[Work task] Go through the entries below and tally each line holding the string "objects". Return the number only.

___ Dataset records ___

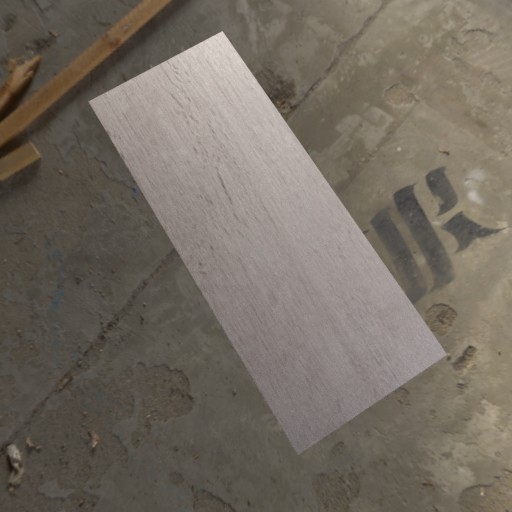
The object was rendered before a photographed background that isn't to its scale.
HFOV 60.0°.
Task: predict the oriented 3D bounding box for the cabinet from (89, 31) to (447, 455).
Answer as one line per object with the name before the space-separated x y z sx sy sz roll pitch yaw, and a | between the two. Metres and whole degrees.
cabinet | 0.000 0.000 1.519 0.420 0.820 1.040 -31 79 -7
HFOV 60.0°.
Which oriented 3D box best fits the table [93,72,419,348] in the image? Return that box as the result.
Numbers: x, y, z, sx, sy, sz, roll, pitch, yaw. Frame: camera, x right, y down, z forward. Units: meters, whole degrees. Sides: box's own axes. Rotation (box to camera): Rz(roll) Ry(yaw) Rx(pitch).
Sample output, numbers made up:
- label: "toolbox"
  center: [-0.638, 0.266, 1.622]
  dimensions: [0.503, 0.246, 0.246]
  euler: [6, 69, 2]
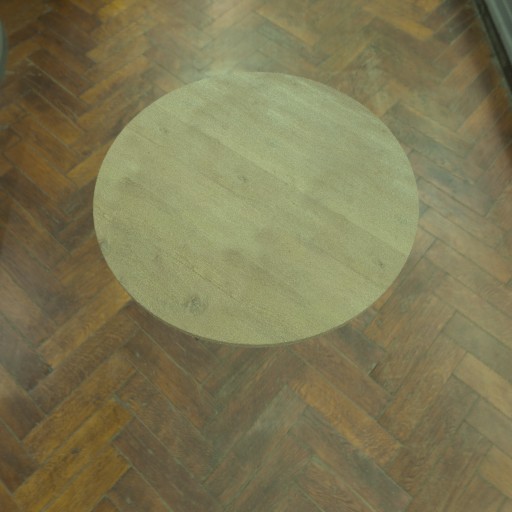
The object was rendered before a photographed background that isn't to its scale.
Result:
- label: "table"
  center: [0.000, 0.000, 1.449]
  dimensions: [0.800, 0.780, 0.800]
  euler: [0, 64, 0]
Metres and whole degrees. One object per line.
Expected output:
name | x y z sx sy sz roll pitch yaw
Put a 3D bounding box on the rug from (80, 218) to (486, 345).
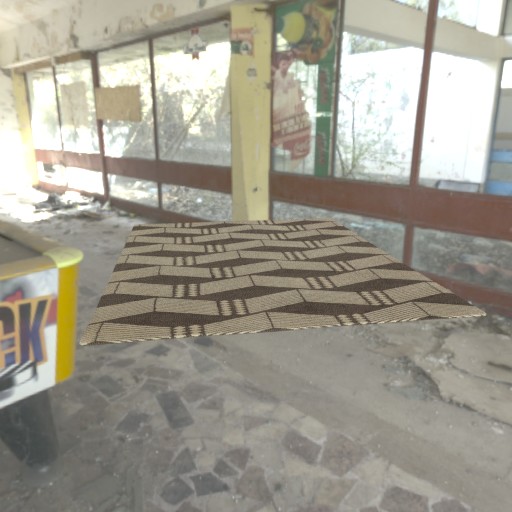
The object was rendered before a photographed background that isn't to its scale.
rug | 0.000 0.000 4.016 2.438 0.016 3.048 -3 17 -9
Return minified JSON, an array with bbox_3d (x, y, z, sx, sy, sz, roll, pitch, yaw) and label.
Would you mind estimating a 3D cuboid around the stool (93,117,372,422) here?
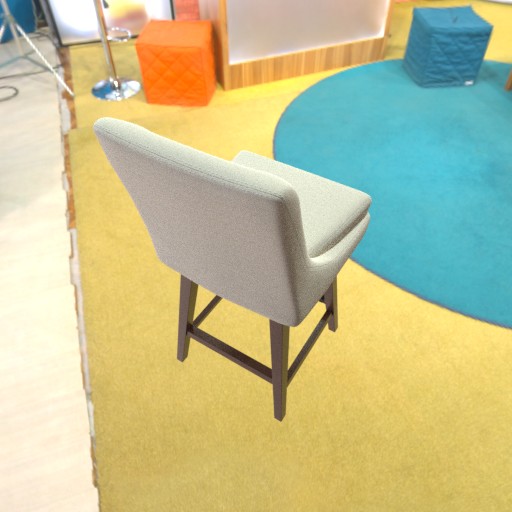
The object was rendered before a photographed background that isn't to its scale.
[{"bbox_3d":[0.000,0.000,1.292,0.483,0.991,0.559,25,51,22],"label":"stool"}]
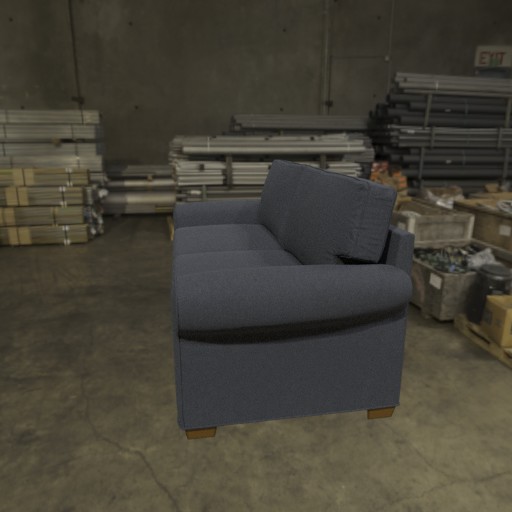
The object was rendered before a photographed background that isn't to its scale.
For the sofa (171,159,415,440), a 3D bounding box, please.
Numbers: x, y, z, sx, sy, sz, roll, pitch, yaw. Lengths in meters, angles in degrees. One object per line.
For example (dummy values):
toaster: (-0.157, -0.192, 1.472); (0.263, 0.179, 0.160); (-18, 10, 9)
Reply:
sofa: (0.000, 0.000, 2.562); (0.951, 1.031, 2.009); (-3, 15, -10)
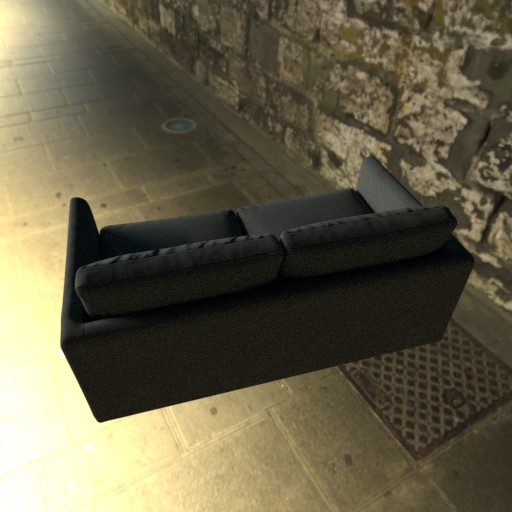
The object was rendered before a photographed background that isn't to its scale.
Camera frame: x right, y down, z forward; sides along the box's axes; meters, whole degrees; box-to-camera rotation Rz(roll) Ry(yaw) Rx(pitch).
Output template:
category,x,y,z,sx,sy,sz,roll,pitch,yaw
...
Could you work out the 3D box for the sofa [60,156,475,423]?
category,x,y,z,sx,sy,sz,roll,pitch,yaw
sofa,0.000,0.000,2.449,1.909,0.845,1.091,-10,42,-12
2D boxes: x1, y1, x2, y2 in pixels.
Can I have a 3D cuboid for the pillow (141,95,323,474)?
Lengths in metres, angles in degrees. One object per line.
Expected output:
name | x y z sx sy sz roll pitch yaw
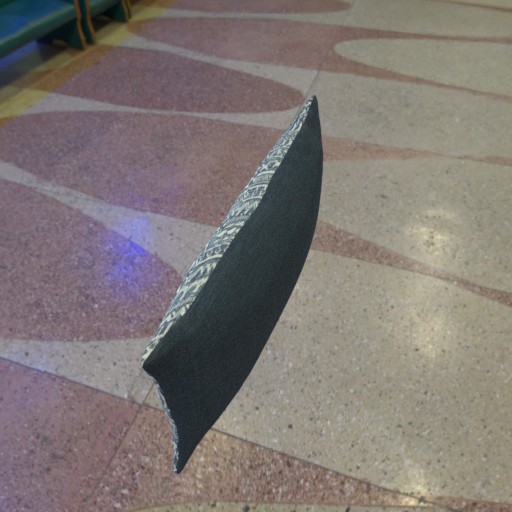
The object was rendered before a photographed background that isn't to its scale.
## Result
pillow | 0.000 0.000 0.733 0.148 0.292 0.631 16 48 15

___
___ Dataset records ___

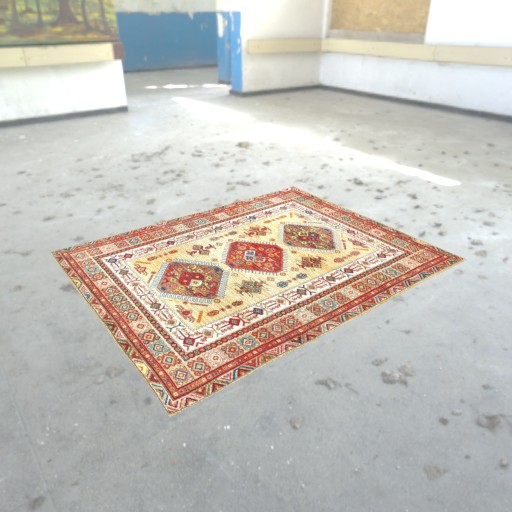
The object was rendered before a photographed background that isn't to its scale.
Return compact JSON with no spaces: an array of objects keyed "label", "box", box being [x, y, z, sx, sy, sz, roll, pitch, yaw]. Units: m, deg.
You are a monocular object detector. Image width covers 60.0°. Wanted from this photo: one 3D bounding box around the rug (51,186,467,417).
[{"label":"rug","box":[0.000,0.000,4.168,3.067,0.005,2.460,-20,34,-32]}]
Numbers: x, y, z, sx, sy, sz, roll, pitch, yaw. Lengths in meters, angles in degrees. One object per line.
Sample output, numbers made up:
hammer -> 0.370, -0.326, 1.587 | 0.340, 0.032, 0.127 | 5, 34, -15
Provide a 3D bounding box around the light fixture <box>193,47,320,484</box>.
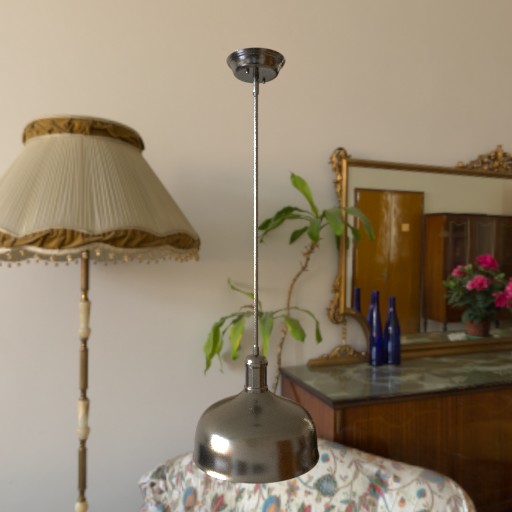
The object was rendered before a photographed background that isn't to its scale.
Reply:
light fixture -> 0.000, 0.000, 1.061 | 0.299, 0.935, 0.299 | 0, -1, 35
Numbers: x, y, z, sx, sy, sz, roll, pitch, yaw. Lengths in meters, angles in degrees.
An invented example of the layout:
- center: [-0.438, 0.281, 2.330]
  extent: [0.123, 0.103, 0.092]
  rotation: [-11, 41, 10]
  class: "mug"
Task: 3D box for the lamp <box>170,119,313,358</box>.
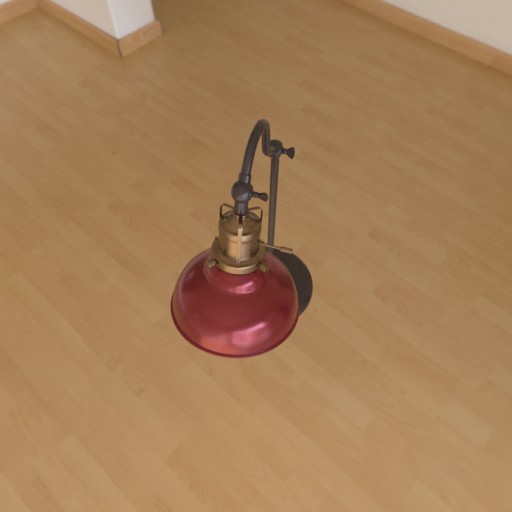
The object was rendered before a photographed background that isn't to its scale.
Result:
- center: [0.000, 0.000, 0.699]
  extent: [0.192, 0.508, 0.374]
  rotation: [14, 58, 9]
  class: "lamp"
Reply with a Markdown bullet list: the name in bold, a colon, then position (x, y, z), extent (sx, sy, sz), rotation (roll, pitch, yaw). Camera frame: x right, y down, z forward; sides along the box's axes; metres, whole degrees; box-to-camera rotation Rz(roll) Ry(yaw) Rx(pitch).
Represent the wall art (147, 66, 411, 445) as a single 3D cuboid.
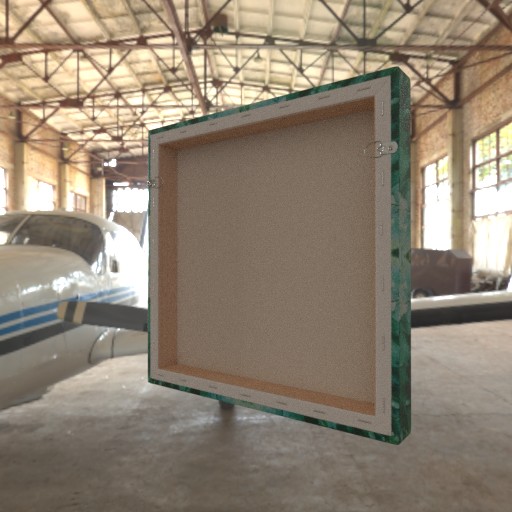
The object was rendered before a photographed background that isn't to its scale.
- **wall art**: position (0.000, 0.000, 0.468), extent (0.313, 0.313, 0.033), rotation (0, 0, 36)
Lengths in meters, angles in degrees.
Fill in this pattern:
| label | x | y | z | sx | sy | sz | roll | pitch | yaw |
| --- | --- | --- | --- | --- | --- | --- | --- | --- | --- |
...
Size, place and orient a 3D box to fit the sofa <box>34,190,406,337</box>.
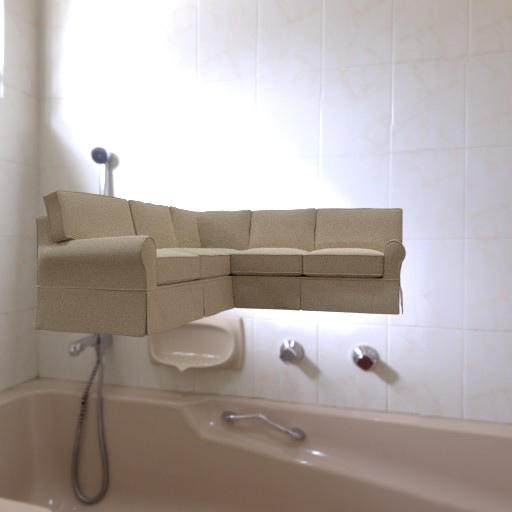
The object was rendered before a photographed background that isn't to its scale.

___
___ Dataset records ___

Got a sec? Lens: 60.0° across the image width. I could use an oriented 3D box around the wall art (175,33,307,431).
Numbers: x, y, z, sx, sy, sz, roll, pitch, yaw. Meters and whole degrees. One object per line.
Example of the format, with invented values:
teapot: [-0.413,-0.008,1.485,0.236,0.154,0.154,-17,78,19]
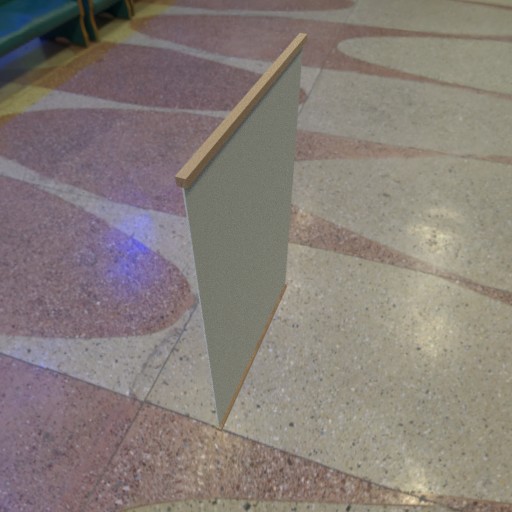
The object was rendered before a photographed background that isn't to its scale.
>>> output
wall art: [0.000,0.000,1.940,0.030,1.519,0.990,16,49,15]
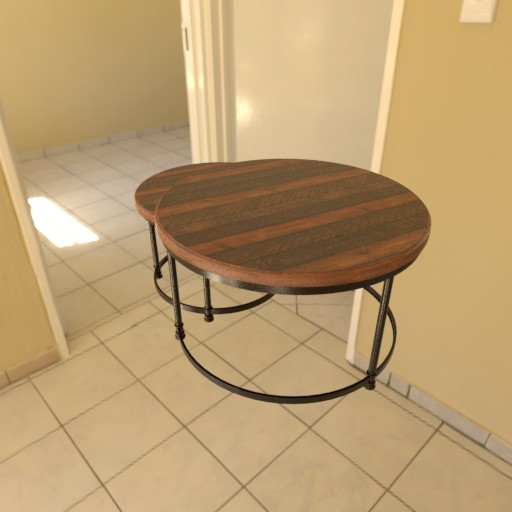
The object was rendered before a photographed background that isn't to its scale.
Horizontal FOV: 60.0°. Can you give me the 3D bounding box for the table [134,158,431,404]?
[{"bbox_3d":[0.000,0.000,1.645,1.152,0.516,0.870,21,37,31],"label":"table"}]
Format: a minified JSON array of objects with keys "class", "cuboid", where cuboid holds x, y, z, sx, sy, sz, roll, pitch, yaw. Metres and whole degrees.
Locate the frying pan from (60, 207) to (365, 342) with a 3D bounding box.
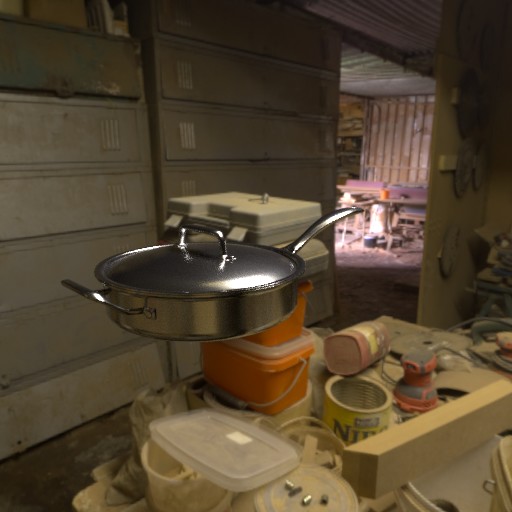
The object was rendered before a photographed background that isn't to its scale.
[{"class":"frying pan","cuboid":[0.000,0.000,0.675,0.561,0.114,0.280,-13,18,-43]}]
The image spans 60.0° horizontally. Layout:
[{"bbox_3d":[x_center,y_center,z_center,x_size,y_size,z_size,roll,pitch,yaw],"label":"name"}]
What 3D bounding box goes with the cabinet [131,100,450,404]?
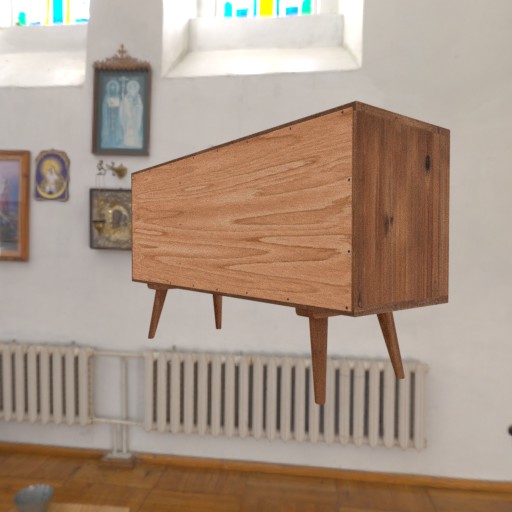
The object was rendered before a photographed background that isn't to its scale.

___

[Result for this exercise] 2